There is an additional REST endpoint /admin/trigger/sync that is supposed to be called from Hasura. It expects an event-trigger payload with object info in the request. The implementation behind this endpoint is similar to calling the /admin/sync with a single-element in the ids array.

Example:

{
    "event": {
        "data": {
            "new": {
                "id": 122143
            }
        }
    }
}

Development

Technology Stack

  • Docker
  • Java/Kotlin
  • Spring Boot
  • Jackson
  • Apollo GraphQl
  • JAXB
  • JUnit
  • Sonar

Dependencies

  • MDS Zetcom API
  • SMB Online-Sammlungen API (Hasura)
  • SMB Image Provider
  • SMB Search-Indexer

Overall Architecture

The code is written in Java and Kotlin. There is no actual restriction on when to use which. However, the project is essentially split into two parts that are connected by a DataQueue. There is a grown convention that the producing code for the data-queue is written in Java whereas the consuming code is written Kotlin.
The producing code is the API implementation for MDS essentially using Controller, Resolver, Executer and Parser classes which fetch the objects and convert them into internal data transfer objects. These objects are then offered to the consuming part via the DataQueue. The consuming end is built by Service and Repository classes that implement the GraphQL API for Hasura to store the data into the database.

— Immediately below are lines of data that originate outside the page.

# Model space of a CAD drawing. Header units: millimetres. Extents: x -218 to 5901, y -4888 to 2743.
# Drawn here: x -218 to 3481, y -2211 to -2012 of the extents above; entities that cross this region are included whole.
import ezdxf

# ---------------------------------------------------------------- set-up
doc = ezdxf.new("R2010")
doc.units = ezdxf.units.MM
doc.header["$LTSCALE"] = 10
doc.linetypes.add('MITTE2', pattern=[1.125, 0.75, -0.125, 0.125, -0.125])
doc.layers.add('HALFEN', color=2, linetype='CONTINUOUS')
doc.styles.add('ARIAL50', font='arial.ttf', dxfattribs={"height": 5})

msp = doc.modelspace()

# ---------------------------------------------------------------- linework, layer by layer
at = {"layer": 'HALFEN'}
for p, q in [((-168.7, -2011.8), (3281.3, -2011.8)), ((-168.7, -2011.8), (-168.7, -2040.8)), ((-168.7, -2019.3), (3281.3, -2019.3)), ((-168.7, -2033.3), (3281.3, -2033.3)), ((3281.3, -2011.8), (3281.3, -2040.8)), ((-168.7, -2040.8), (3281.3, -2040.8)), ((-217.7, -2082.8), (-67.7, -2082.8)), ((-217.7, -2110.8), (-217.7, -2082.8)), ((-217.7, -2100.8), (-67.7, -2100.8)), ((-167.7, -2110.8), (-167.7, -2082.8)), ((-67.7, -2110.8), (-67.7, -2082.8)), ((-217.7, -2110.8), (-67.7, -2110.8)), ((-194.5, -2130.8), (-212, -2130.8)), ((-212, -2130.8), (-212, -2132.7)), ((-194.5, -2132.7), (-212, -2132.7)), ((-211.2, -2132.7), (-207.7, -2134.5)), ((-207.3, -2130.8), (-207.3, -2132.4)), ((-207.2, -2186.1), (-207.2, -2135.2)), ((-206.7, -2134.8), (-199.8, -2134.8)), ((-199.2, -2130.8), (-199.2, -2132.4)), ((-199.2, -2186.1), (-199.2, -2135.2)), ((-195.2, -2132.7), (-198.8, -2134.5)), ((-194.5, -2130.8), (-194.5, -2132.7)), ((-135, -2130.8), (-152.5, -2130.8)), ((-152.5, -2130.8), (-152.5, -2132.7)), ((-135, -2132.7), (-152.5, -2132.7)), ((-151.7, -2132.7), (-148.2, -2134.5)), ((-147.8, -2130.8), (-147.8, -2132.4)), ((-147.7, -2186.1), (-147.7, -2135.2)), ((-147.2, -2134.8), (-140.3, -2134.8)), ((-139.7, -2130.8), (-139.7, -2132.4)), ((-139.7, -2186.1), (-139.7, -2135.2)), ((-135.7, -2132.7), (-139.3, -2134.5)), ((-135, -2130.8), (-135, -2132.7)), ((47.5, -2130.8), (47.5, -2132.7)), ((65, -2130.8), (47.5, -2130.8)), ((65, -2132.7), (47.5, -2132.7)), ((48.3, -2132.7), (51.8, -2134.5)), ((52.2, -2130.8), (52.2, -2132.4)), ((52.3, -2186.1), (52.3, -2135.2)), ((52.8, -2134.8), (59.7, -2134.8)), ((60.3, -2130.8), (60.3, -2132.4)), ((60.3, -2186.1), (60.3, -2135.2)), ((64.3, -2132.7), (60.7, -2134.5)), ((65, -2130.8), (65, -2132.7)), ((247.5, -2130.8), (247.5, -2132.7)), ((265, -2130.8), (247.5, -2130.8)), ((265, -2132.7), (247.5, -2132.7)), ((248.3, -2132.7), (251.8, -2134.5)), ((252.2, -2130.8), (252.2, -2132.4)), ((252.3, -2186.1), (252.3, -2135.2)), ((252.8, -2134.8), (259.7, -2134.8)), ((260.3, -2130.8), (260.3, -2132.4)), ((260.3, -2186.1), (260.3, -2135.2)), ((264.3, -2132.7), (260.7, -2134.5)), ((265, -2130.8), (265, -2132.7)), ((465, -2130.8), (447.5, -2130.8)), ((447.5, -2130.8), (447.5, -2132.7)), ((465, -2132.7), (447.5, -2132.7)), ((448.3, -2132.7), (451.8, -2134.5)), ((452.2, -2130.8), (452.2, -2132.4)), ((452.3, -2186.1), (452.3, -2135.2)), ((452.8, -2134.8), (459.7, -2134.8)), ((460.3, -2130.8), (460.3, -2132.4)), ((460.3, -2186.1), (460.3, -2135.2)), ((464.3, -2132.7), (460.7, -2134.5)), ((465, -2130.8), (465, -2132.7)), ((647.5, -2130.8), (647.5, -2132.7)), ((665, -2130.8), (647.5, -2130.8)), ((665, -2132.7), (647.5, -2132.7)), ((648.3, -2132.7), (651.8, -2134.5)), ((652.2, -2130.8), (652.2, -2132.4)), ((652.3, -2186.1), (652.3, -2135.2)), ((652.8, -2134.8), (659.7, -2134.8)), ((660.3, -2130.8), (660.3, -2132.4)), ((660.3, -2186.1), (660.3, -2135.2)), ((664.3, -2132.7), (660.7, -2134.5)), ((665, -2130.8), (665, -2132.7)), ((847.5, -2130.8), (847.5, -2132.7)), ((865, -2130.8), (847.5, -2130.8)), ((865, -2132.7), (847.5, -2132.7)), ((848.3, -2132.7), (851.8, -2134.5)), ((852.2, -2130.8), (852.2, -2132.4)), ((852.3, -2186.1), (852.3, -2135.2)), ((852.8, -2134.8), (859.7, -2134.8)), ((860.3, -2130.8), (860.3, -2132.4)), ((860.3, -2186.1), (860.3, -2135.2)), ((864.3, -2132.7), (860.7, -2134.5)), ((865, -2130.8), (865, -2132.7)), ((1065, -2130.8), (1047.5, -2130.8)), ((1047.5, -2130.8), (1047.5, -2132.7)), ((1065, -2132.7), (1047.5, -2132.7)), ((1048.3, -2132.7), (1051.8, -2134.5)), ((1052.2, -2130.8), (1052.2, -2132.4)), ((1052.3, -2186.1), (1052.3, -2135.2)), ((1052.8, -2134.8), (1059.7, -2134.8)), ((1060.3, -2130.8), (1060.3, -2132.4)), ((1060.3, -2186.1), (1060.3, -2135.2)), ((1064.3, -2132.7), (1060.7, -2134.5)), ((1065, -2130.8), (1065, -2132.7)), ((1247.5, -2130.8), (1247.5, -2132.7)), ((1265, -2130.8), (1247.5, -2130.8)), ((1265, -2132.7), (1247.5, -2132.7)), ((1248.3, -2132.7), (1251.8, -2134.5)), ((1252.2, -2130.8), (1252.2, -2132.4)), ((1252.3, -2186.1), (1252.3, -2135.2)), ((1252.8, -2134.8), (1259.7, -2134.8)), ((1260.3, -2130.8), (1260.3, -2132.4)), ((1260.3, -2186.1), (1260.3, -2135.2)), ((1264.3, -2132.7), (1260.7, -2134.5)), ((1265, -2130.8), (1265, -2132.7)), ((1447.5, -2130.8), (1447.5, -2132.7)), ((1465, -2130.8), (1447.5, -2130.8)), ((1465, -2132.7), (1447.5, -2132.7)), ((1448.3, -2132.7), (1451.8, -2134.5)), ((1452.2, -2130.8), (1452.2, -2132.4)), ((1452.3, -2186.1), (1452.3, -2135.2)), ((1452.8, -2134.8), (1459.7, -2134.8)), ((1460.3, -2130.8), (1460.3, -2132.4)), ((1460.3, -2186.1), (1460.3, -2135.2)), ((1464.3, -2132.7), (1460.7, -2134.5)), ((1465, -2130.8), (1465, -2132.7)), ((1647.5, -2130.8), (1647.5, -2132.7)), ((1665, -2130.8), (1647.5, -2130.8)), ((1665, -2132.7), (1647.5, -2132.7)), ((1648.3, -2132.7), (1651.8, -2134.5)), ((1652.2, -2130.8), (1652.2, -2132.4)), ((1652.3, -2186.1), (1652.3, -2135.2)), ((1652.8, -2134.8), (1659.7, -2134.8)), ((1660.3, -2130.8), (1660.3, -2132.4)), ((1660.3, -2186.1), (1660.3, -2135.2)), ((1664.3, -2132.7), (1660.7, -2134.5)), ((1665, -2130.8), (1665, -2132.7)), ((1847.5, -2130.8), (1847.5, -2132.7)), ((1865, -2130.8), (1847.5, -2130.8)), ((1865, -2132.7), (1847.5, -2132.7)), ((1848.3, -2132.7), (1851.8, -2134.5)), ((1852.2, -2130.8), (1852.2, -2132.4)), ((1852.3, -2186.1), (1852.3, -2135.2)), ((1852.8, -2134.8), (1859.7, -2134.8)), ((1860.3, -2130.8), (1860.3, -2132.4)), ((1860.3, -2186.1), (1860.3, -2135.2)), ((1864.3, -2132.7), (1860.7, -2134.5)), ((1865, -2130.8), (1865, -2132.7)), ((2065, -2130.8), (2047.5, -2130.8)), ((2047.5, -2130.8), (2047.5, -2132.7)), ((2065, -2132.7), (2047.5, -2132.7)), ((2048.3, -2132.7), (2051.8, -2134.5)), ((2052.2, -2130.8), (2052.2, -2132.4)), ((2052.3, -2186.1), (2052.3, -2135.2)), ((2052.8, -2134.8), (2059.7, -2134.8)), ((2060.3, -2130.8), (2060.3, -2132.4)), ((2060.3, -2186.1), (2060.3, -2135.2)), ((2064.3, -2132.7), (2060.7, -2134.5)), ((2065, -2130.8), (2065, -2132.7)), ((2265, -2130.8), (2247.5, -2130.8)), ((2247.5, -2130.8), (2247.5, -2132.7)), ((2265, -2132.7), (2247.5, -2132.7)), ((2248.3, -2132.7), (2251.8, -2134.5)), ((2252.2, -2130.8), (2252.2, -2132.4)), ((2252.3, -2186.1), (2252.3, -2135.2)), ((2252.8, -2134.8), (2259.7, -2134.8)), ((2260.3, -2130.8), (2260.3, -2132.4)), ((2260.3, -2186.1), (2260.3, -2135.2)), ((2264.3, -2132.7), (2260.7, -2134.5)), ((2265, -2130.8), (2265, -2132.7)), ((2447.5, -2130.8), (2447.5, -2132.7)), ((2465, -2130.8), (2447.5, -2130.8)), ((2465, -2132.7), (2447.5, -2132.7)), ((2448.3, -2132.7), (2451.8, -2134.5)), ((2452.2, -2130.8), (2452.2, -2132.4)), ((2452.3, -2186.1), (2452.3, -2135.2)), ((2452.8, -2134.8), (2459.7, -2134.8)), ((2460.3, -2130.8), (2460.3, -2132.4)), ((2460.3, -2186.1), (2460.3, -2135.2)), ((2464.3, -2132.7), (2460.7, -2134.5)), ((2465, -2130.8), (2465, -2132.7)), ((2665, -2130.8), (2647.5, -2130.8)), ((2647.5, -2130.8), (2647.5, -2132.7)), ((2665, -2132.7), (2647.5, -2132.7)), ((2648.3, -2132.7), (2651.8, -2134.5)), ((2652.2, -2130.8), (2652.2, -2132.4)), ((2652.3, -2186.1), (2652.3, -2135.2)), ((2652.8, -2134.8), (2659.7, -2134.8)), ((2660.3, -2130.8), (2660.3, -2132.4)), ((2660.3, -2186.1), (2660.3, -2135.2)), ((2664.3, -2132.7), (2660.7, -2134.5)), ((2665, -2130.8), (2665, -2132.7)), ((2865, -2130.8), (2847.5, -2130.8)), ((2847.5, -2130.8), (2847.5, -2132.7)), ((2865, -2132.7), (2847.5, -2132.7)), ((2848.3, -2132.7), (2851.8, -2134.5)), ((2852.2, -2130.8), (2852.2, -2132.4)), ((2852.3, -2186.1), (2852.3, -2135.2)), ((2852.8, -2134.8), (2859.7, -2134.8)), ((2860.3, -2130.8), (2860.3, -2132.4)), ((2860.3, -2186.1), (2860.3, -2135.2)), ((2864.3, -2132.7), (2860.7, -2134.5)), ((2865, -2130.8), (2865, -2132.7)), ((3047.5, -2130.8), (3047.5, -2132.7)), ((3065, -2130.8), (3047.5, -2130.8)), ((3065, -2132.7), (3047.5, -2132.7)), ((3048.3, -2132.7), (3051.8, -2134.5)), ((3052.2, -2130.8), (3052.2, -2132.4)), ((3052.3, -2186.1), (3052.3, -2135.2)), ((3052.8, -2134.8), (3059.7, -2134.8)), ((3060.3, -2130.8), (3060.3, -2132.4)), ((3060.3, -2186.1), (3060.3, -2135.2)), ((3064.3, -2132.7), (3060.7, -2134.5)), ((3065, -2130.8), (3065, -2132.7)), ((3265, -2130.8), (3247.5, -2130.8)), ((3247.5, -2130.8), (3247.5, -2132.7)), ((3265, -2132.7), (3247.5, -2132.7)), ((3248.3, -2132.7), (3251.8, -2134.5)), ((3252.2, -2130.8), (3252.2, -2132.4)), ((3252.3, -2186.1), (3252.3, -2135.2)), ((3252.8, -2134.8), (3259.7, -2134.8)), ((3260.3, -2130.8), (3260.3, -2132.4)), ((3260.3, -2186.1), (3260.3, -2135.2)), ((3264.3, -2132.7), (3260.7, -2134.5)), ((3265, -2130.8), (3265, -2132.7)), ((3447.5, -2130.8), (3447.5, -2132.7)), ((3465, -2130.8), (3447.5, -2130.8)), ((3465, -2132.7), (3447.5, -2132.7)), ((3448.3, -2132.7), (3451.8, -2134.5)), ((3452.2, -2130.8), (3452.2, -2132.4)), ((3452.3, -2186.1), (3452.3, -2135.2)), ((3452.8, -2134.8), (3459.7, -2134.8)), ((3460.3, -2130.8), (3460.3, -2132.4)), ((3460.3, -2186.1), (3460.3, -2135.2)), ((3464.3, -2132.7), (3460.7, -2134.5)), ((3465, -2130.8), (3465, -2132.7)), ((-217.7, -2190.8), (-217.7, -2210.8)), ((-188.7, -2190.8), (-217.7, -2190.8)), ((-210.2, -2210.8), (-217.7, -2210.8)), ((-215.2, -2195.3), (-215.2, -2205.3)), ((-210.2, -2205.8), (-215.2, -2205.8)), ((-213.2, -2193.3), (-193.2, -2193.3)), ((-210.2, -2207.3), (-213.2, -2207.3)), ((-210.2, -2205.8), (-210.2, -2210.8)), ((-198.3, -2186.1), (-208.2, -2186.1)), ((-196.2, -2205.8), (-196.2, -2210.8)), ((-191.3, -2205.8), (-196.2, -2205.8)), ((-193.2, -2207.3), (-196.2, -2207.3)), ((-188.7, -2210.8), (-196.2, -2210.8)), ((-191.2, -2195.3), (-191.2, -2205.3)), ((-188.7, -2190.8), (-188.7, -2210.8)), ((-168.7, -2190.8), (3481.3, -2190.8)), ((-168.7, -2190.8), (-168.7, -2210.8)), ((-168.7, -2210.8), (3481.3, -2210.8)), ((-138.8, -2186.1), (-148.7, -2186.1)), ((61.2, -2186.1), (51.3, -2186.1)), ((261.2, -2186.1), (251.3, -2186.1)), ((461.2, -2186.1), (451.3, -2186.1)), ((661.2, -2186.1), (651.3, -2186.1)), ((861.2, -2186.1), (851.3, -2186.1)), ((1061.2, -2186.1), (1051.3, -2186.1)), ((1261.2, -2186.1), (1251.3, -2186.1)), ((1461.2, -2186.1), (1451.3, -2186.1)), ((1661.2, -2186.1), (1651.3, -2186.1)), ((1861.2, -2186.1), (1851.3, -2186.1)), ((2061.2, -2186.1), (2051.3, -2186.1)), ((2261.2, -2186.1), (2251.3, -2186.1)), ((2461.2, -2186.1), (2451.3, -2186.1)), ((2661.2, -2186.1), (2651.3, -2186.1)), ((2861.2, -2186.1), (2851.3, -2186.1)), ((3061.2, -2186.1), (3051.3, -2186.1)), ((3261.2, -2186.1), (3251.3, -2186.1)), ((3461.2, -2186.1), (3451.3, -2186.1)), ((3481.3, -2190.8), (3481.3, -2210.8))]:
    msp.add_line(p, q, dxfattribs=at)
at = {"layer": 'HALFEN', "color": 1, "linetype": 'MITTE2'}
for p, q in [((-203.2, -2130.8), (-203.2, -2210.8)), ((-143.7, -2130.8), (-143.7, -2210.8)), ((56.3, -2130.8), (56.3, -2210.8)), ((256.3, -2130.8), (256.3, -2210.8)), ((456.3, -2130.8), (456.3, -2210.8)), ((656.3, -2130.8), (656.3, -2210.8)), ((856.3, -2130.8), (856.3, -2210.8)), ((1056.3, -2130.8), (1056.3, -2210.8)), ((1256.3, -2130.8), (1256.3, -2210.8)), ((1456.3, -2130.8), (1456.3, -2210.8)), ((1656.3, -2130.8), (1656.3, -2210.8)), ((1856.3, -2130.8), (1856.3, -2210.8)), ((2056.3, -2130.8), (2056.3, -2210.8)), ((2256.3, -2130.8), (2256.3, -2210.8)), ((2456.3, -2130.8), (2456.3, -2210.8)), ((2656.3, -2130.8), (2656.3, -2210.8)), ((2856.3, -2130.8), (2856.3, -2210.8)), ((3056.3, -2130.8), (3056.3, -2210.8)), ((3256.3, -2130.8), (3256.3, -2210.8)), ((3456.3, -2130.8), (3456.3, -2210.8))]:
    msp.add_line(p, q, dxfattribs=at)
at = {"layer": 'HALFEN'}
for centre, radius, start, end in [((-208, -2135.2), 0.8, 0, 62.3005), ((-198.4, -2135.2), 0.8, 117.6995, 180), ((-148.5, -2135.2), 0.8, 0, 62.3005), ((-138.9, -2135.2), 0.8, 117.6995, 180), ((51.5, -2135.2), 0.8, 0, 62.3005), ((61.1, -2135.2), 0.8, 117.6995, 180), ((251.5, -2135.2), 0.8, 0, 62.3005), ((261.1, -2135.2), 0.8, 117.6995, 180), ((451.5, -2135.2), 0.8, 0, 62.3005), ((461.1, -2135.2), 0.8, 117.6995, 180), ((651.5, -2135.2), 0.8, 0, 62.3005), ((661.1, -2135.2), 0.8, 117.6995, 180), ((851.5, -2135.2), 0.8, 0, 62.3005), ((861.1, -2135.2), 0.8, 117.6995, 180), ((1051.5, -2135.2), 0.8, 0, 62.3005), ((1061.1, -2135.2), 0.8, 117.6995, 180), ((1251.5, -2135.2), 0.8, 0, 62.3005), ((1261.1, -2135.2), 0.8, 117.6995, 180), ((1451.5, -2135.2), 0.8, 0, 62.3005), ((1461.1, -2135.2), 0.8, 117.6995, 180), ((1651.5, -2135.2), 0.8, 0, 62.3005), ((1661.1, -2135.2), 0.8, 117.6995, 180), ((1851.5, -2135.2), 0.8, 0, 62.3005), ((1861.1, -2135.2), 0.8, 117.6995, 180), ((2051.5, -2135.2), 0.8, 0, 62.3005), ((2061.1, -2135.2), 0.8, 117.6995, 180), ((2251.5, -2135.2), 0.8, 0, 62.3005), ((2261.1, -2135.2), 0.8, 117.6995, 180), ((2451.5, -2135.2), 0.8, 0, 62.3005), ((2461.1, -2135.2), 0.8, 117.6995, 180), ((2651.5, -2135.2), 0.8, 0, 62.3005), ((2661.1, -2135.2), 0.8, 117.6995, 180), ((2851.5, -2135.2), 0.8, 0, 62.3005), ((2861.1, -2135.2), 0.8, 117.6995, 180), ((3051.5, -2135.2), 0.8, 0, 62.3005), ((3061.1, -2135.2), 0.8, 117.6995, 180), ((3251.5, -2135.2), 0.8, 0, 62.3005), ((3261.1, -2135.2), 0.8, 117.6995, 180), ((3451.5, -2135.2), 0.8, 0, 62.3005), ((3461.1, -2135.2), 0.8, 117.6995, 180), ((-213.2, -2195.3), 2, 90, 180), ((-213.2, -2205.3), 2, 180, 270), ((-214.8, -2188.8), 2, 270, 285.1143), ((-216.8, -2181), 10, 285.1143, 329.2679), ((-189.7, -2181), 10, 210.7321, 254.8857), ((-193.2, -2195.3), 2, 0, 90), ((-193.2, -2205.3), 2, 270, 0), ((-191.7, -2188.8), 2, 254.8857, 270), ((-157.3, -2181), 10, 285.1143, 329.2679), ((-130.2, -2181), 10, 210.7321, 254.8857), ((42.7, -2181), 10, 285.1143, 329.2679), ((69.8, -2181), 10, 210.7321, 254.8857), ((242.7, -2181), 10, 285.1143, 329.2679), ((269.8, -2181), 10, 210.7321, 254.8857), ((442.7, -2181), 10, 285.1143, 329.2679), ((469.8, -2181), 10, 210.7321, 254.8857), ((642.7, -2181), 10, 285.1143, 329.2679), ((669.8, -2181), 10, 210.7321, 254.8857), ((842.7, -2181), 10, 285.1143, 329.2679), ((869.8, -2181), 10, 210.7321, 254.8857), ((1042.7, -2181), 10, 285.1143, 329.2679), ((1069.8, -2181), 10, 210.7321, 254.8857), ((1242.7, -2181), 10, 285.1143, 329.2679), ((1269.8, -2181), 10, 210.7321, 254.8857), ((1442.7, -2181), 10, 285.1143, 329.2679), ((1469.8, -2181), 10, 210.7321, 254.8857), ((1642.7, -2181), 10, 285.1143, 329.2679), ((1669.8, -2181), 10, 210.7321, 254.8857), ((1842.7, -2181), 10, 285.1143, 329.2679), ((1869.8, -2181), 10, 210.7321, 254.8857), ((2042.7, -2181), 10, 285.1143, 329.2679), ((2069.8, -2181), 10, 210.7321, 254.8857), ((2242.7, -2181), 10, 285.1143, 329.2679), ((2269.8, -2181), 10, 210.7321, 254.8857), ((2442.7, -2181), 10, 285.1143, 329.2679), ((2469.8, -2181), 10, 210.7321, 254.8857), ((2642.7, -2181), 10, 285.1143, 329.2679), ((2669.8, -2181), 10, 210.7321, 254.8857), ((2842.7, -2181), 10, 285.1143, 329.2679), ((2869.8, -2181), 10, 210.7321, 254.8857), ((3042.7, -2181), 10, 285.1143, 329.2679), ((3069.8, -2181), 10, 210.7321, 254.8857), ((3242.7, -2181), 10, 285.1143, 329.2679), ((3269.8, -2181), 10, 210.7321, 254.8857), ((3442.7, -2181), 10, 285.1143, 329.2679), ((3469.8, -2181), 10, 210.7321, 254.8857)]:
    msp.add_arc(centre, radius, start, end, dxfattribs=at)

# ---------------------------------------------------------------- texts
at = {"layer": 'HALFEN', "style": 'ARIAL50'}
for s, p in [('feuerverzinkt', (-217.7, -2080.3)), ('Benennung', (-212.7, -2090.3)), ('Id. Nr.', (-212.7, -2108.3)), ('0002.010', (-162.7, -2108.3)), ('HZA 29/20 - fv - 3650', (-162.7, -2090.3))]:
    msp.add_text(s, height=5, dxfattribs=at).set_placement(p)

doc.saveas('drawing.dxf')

API data objects for MDS used in the producing code are generated via JAXB.
Code for the GraphQl API on the consuming side is generated by Apollo.

Environment Variables

The required env-vars are defined in application.yml.

Note: There is an additional application-test.yml that is applied during test execution and (partially) overrides what is defined in application.yml.

Package Structure

The base package of the application is de.smbonline.mdssync.

Package Description
de.smbonline.mdssync Application entry point
de.smbonline.mdssync.dataprocessor.controller Service configuration (consuming side)
de.smbonline.mdssync.dataprocessor.graphql GraphQl code (consuming side)
de.smbonline.mdssync.dataprocessor.queue Interface between producing and consuming side
de.smbonline.mdssync.dataprocessor.repository GraphQl and webdav repositories (consuming side)
de.smbonline.mdssync.dataprocessor.service Service implementation (consuming side)
de.smbonline.mdssync.dto Data transfer objects
de.smbonline.mdssync.exc Exception classes
de.smbonline.mdssync.exec Sync execution code (producing side)
de.smbonline.mdssync.index Search-indexer connection (producing side)
de.smbonline.mdssync.log Logging utils
de.smbonline.mdssync.pattern Generic code for software patterns
de.smbonline.mdssync.properties Wrappers for application.yml configuration
de.smbonline.mdssync.rest REST code (producing side)
de.smbonline.mdssync.rules Data transformation rules (producing side)
de.smbonline.mdssync.search MDS code (producing side)
de.smbonline.mdssync.util Shared utilities

Developer Guidelines and Code Conventions

  • The code is based on @NonNullApi, everything that can have a null value is flagged as @Nullable.
  • All access to member attributes is qualified with this..
  • Method arguments are final.
  • Every code change needs to be reflected by an increased version number in build.gradle.kts.
  • We use fully-qualified imports for interfaces and classes.
  • We use static wildcard imports for constants and methods from static-only utility classes.
  • Developers run gradlew sonar before pushing code to Git.